Creating and using a feedback file
Figure 4-1
illustrates the process for creating a feedback file and retranslating the executable
until no untranslated code is detected at run time.
Figure
4-1 Using feedback files to improve performance
Correcting
for nonfinite numbers and SIGFPEs
If the translated
executable aborts at run time with messages about floating-point exceptions (SIGFPEs), or
issues a message that says the executable was performing calculations with nonfinite
numbers, you have to retranslate the program with the -full_fp option in the fpx
command line. Nonfinite numbers are infinites, denormalized numbers, and NaNs
(not-a-numbers). Using the -full_fp option enables Alpha to handle the nonfinite
calculations so the results are completion safe and conform to the IEEE standard for
nonfinite numbers, IEEE/ANSI 754-1985.
Only use -full_fp
if you receive SIGFPEs at run time. The -full_fp option exacts a performance
penalty but allows the executable to complete correctly.
Note that in many
cases, the use of a NaN or a denormalized number indicates a bug in the original program,
usually the use of an uninitialized double-precision floating-point variable.

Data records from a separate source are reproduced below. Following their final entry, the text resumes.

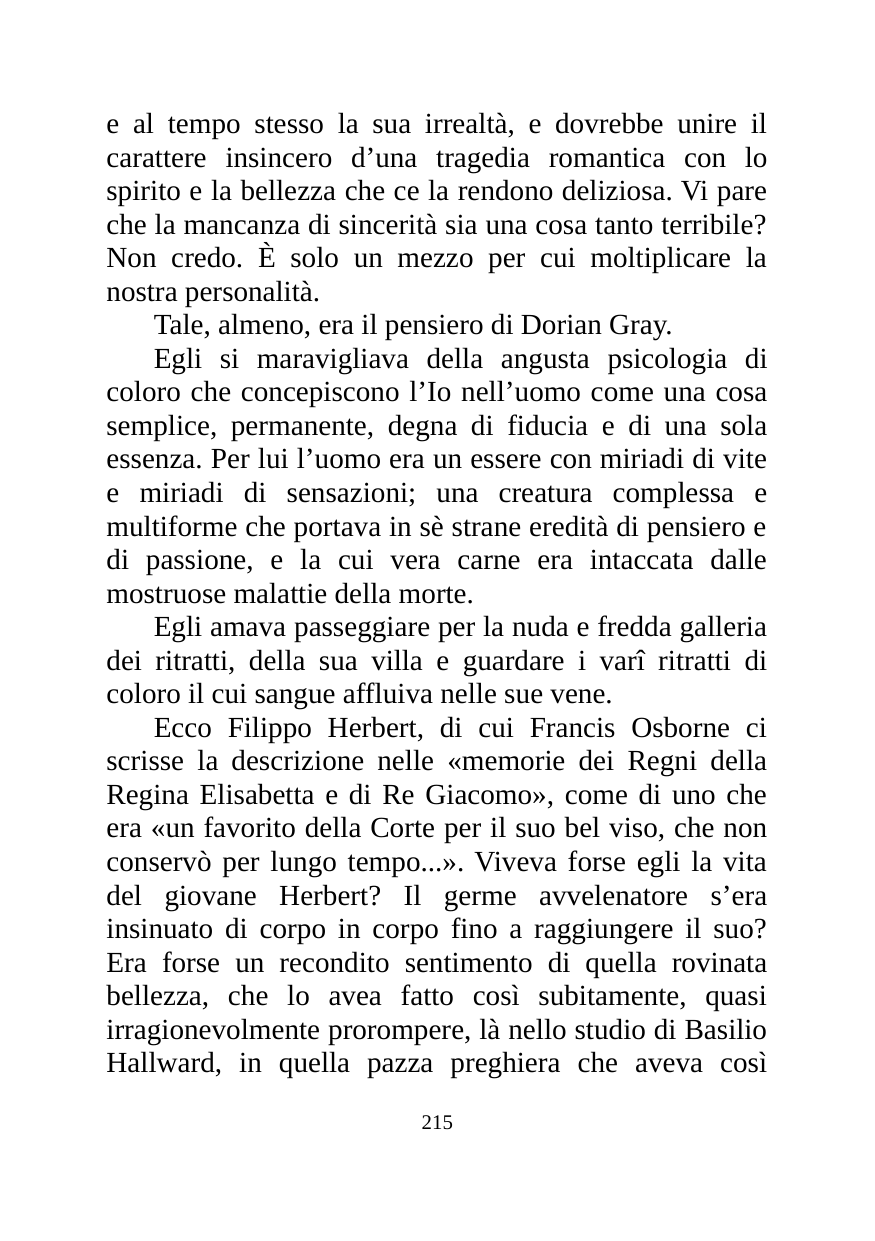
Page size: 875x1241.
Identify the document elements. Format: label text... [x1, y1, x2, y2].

text Egli si maravigliava della angusta psicologia di coloro che concepiscono l’Io nell’uomo come una cosa semplice, permanente, degna di fiducia e di una sola essenza. Per lui l’uomo era un essere con miriadi di vite e miriadi di sensazioni; una creatura complessa e multiforme che portava in sè strane eredità di pensiero e di passione, e la cui vera carne era intaccata dalle mostruose malattie della morte. [106, 341, 768, 609]
text Egli amava passeggiare per la nuda e fredda galleria dei ritratti, della sua villa e guardare i varî ritratti di coloro il cui sangue affluiva nelle sue vene. [106, 609, 768, 710]
text Tale, almeno, era il pensiero di Dorian Gray. [106, 307, 768, 341]
text Ecco Filippo Herbert, di cui Francis Osborne ci scrisse la descrizione nelle «memorie dei Regni della Regina Elisabetta e di Re Giacomo», come di uno che era «un favorito della Corte per il suo bel viso, che non conservò per lungo tempo...». Viveva forse egli la vita del giovane Herbert? Il germe avvelenatore s’era insinuato di corpo in corpo fino a raggiungere il suo? Era forse un recondito sentimento di quella rovinata bellezza, che lo avea fatto così subitamente, quasi irragionevolmente prorompere, là nello studio di Basilio Hallward, in quella pazza preghiera che aveva così [106, 710, 768, 1079]
text e al tempo stesso la sua irrealtà, e dovrebbe unire il carattere insincero d’una tragedia romantica con lo spirito e la bellezza che ce la rendono deliziosa. Vi pare che la mancanza di sincerità sia una cosa tanto terribile? Non credo. È solo un mezzo per cui moltiplicare la nostra personalità. [106, 106, 768, 307]

If you can,
you should check the source program for such errors and correct them.
Figure 4-2
illustrates the process for correcting for floating-point exceptions (SIGFPEs) or other
problems caused by nonfinite numbers.
Figure
4-2 Correcting for nonfinite numbers and SIGFPEs
Refer to the figure
and and follow these steps:
1 |
The
translated program aborts at run time, issues floating-point exceptions (SIGFPEs), or
issues the following fpxr message: The translated executable attempted a
floating-point calculation with a denormalized number...
To correct for
nonfinite numbers and SIGFPEs, proceed to the next step. |
2 |
Translate
the input executable with the -full_fp option. The resulting translated executable
should work properly. If you still receive the SIGFPE errors,
document the behavior and email your report to fpx-bug@amt.tay1.dec.com
so that -full_fp can be fixed. |
3 |
Run the
executable on the Alpha system. |
To improve
performance in other aspects of the executable, such as getting jump points corrected, you
should run the executable with FPXR_GENERATE_FEEDBACK and use the feedback process
described in the section Creating and using a feedback
file. Note that you must always have -full_fp set when you retranslate the
input executable.
Notes on nonfinite numbers
SPARC based code
handles some computations using nonfinite numbers transparently. For example, the code may
generate or use NaNs, infinites, or by denormalized numbers. This may happen inadvertently
during computations with uninitialized variables.
On the SPARC
architecture, such operations proceed without generating a SIGFPE either because the
hardware can handle them, or because they trap to operating system software that
transparently fixes up the results.
On the Alpha
architecture, attempts to use nonfinite numbers cause an exception to occur, as do
conditions that might produce such nonfinite numbers, such as overflow. These
floating-point traps are imprecise. That is, a trap may not be delivered until several
instructions after the faulting one was issued. The system can only recover from such
traps if the Alpha code is structured in such a way as to be "completion safe."
By default, fpx generates
code that is not completion safe, because of the performance penalty incurred otherwise.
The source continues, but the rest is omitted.